-- Records shown follows --

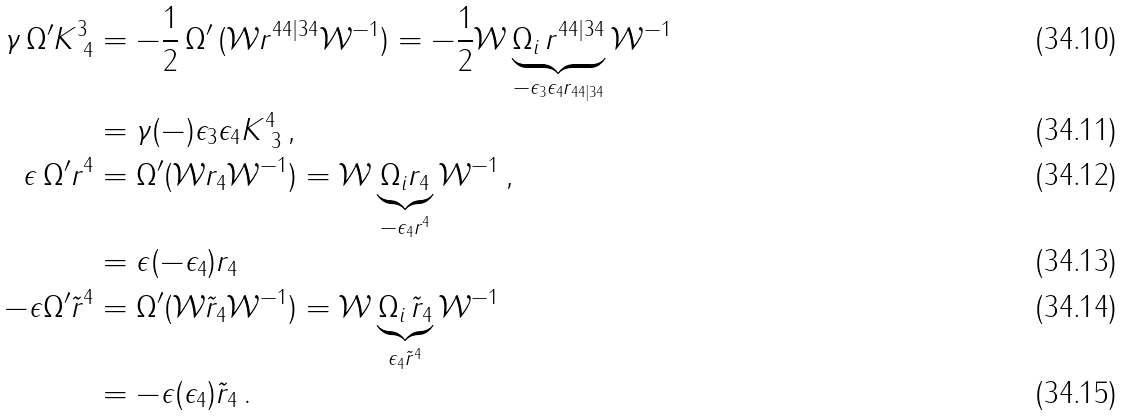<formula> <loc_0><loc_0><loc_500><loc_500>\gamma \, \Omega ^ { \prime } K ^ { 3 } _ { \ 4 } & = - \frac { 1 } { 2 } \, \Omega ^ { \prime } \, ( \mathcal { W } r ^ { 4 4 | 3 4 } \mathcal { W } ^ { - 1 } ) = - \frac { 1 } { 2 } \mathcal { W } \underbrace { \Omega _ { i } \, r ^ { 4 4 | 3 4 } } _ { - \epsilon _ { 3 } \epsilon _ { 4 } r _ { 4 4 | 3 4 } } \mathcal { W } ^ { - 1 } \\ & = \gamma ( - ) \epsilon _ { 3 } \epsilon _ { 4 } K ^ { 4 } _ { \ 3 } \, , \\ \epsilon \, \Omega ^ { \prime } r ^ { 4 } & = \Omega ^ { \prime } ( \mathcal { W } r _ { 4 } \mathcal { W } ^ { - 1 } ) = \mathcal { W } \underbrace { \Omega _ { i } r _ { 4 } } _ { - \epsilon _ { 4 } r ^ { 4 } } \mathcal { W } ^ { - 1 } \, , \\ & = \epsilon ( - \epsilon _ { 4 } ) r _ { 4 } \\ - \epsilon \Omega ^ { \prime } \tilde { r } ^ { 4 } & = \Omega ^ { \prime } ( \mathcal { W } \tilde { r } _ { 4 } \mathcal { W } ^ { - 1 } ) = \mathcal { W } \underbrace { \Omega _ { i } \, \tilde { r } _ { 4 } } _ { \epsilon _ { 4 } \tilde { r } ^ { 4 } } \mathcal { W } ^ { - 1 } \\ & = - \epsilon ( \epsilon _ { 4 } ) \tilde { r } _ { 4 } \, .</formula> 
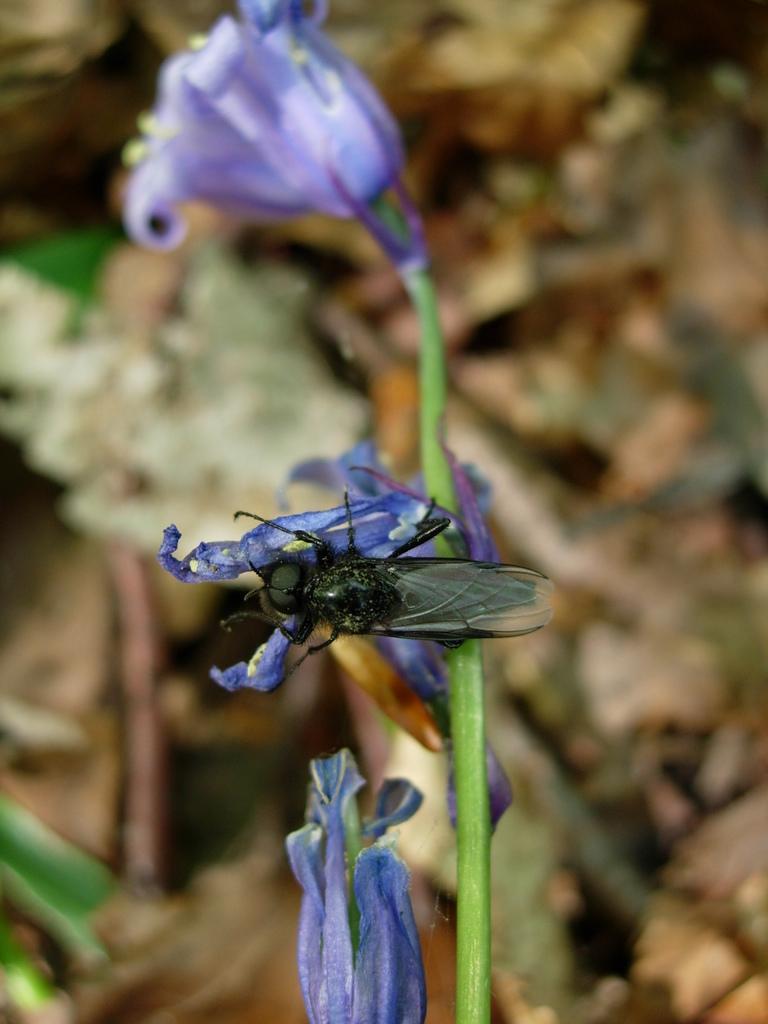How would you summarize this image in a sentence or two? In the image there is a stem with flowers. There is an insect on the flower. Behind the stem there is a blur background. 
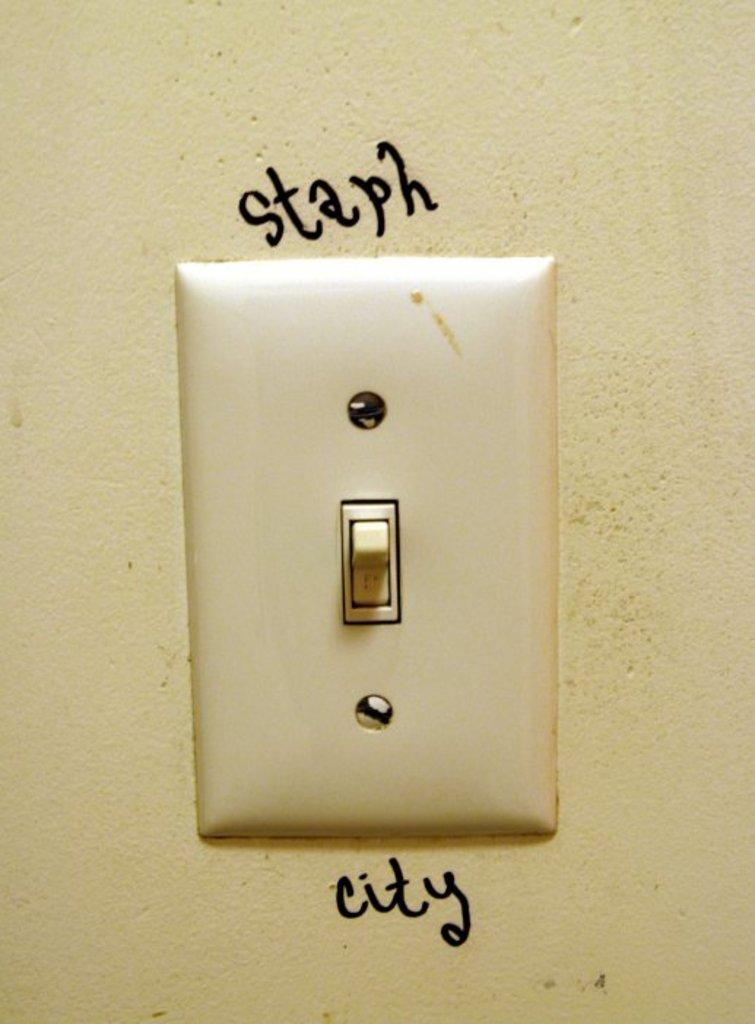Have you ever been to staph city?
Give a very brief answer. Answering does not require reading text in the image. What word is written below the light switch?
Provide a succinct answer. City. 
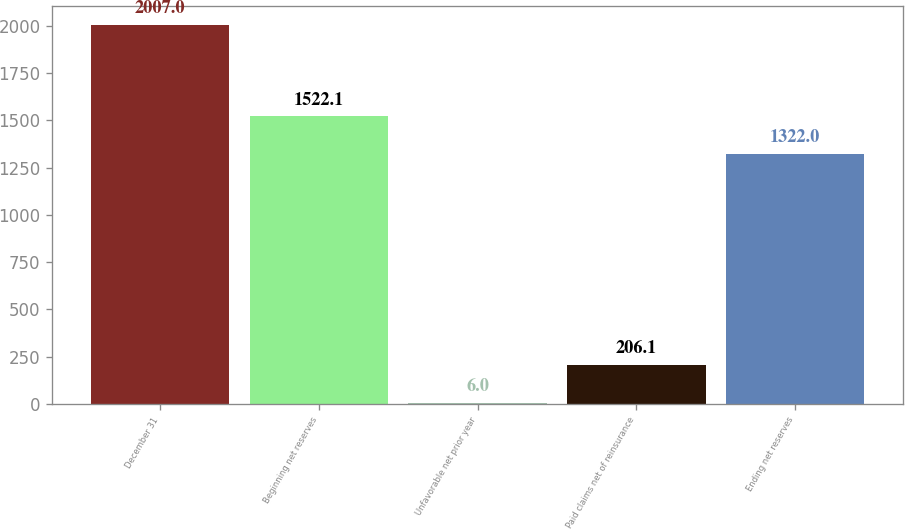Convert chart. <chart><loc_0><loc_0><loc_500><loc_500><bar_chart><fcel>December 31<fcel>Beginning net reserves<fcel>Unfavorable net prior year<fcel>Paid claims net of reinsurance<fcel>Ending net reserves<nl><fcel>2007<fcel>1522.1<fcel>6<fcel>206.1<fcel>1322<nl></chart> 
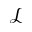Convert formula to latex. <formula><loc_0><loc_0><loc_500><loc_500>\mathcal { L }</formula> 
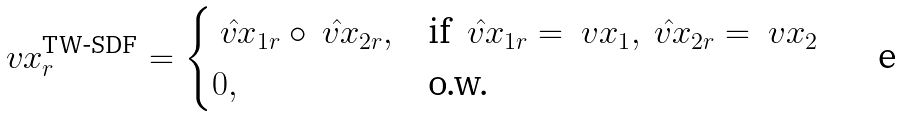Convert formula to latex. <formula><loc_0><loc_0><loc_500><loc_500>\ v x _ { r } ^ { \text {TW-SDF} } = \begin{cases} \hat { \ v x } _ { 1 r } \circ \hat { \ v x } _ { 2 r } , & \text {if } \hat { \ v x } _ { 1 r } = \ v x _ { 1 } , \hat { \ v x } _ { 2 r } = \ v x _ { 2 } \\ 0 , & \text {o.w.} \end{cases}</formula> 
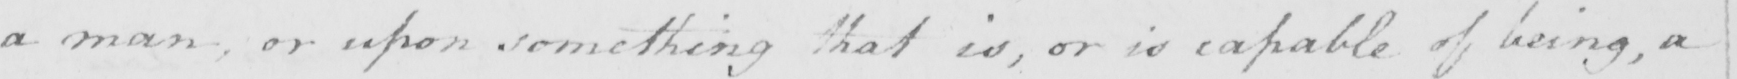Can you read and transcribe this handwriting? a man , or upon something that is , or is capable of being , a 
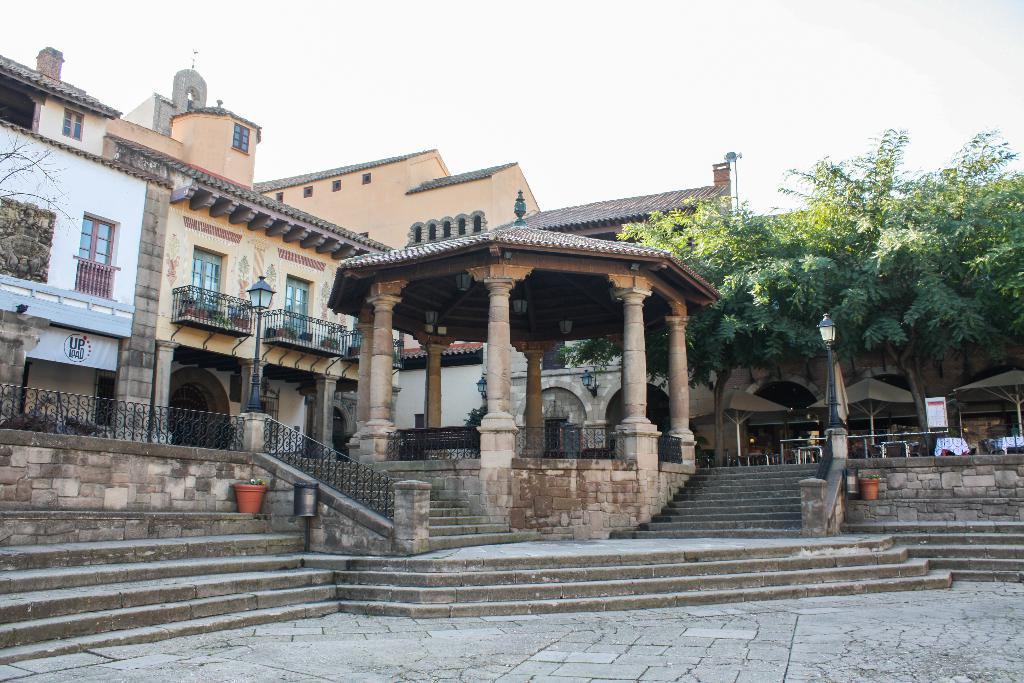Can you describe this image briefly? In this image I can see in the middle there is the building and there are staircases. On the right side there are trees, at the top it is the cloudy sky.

-- Records shown concluded --

# Aim of the task:
Your copy should match the records above exactly, apart from the pictures, which stay out.

# Task result:
<formula> <loc_0><loc_0><loc_500><loc_500>\gamma \, \Omega ^ { \prime } K ^ { 3 } _ { \ 4 } & = - \frac { 1 } { 2 } \, \Omega ^ { \prime } \, ( \mathcal { W } r ^ { 4 4 | 3 4 } \mathcal { W } ^ { - 1 } ) = - \frac { 1 } { 2 } \mathcal { W } \underbrace { \Omega _ { i } \, r ^ { 4 4 | 3 4 } } _ { - \epsilon _ { 3 } \epsilon _ { 4 } r _ { 4 4 | 3 4 } } \mathcal { W } ^ { - 1 } \\ & = \gamma ( - ) \epsilon _ { 3 } \epsilon _ { 4 } K ^ { 4 } _ { \ 3 } \, , \\ \epsilon \, \Omega ^ { \prime } r ^ { 4 } & = \Omega ^ { \prime } ( \mathcal { W } r _ { 4 } \mathcal { W } ^ { - 1 } ) = \mathcal { W } \underbrace { \Omega _ { i } r _ { 4 } } _ { - \epsilon _ { 4 } r ^ { 4 } } \mathcal { W } ^ { - 1 } \, , \\ & = \epsilon ( - \epsilon _ { 4 } ) r _ { 4 } \\ - \epsilon \Omega ^ { \prime } \tilde { r } ^ { 4 } & = \Omega ^ { \prime } ( \mathcal { W } \tilde { r } _ { 4 } \mathcal { W } ^ { - 1 } ) = \mathcal { W } \underbrace { \Omega _ { i } \, \tilde { r } _ { 4 } } _ { \epsilon _ { 4 } \tilde { r } ^ { 4 } } \mathcal { W } ^ { - 1 } \\ & = - \epsilon ( \epsilon _ { 4 } ) \tilde { r } _ { 4 } \, .</formula> 
How would you summarize this image in a sentence or two? In the image there is a stem with flowers. There is an insect on the flower. Behind the stem there is a blur background. 
Have you ever been to staph city?
Give a very brief answer. Answering does not require reading text in the image. What word is written below the light switch?
Provide a succinct answer. City. 
Convert chart. <chart><loc_0><loc_0><loc_500><loc_500><bar_chart><fcel>December 31<fcel>Beginning net reserves<fcel>Unfavorable net prior year<fcel>Paid claims net of reinsurance<fcel>Ending net reserves<nl><fcel>2007<fcel>1522.1<fcel>6<fcel>206.1<fcel>1322<nl></chart> 
Convert formula to latex. <formula><loc_0><loc_0><loc_500><loc_500>\mathcal { L }</formula> 
Convert formula to latex. <formula><loc_0><loc_0><loc_500><loc_500>\ v x _ { r } ^ { \text {TW-SDF} } = \begin{cases} \hat { \ v x } _ { 1 r } \circ \hat { \ v x } _ { 2 r } , & \text {if } \hat { \ v x } _ { 1 r } = \ v x _ { 1 } , \hat { \ v x } _ { 2 r } = \ v x _ { 2 } \\ 0 , & \text {o.w.} \end{cases}</formula> 
Can you read and transcribe this handwriting? a man , or upon something that is , or is capable of being , a 
Can you describe this image briefly? In this image I can see in the middle there is the building and there are staircases. On the right side there are trees, at the top it is the cloudy sky.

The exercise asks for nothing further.